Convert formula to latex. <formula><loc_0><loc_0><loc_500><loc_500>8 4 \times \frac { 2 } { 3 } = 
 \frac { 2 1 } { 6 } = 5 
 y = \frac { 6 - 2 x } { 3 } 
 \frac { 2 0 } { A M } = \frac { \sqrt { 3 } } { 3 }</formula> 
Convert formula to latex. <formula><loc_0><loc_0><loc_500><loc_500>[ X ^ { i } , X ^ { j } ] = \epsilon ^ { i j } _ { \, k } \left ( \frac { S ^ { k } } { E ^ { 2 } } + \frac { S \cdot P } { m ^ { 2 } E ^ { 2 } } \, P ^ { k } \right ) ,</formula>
┄┄┄┄┄┄┄┄┄┄┄┄┄┄┄┄┄┄┄┄
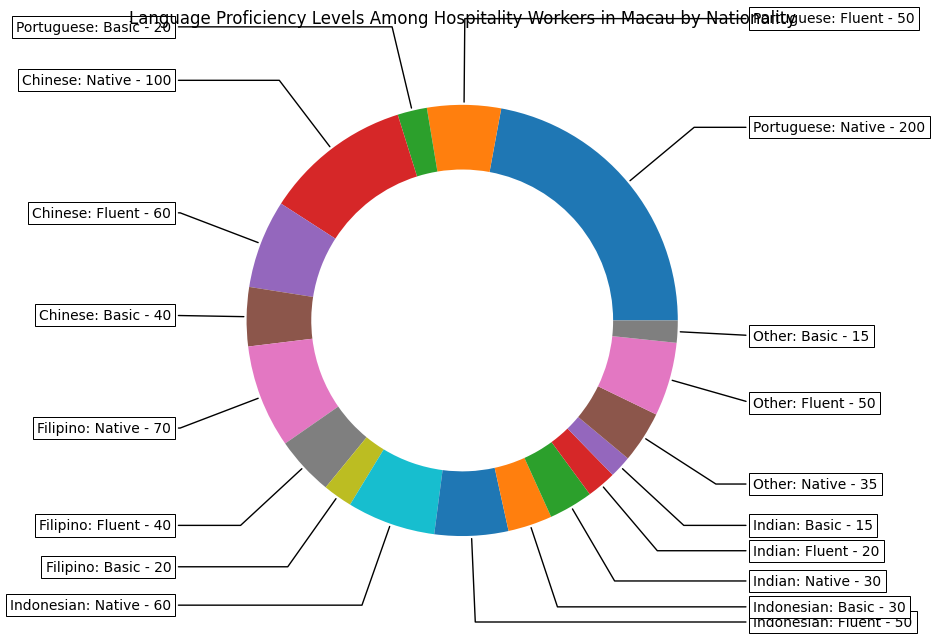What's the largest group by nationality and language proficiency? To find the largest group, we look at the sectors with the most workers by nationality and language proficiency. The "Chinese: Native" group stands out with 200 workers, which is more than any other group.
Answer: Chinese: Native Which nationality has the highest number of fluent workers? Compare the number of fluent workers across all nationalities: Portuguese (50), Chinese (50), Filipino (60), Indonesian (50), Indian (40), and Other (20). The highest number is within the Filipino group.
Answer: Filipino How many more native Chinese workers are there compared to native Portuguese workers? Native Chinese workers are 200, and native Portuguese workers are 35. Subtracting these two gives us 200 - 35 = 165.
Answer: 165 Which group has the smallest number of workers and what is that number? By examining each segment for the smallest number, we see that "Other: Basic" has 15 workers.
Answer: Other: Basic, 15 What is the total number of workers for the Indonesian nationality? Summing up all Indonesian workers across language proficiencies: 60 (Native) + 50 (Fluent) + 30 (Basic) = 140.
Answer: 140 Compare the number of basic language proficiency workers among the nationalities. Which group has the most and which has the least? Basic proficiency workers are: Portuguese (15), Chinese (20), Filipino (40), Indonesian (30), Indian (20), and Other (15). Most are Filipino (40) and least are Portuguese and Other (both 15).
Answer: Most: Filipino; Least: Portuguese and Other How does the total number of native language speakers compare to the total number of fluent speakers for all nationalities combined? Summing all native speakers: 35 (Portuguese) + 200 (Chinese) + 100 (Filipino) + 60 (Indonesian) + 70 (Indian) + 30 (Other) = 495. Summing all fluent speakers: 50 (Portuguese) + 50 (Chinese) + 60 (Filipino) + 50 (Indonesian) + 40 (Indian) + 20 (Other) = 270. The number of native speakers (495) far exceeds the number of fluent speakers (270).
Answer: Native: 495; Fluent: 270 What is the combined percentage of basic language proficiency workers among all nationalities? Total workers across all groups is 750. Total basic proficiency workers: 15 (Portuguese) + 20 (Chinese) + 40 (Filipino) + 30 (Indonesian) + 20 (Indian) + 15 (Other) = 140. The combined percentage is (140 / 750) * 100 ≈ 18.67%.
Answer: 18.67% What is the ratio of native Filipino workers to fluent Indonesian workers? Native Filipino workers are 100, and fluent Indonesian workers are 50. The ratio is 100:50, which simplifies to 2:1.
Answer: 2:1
┄┄┄┄┄┄┄┄┄┄┄┄┄┄┄┄┄┄┄┄
▶ **Task prompt**:
Using the entries above, give back exactly the line containing "to latex. <formula><loc_0><loc_0><loc_500><loc_500>8", the line containing "latex. <formula><loc_0><loc_0><loc_500><loc_500>[ X", and every line between them, and nothing else.

▶ **Exercise answer**:
Convert formula to latex. <formula><loc_0><loc_0><loc_500><loc_500>8 4 \times \frac { 2 } { 3 } = 
 \frac { 2 1 } { 6 } = 5 
 y = \frac { 6 - 2 x } { 3 } 
 \frac { 2 0 } { A M } = \frac { \sqrt { 3 } } { 3 }</formula> 
Convert formula to latex. <formula><loc_0><loc_0><loc_500><loc_500>[ X ^ { i } , X ^ { j } ] = \epsilon ^ { i j } _ { \, k } \left ( \frac { S ^ { k } } { E ^ { 2 } } + \frac { S \cdot P } { m ^ { 2 } E ^ { 2 } } \, P ^ { k } \right ) ,</formula>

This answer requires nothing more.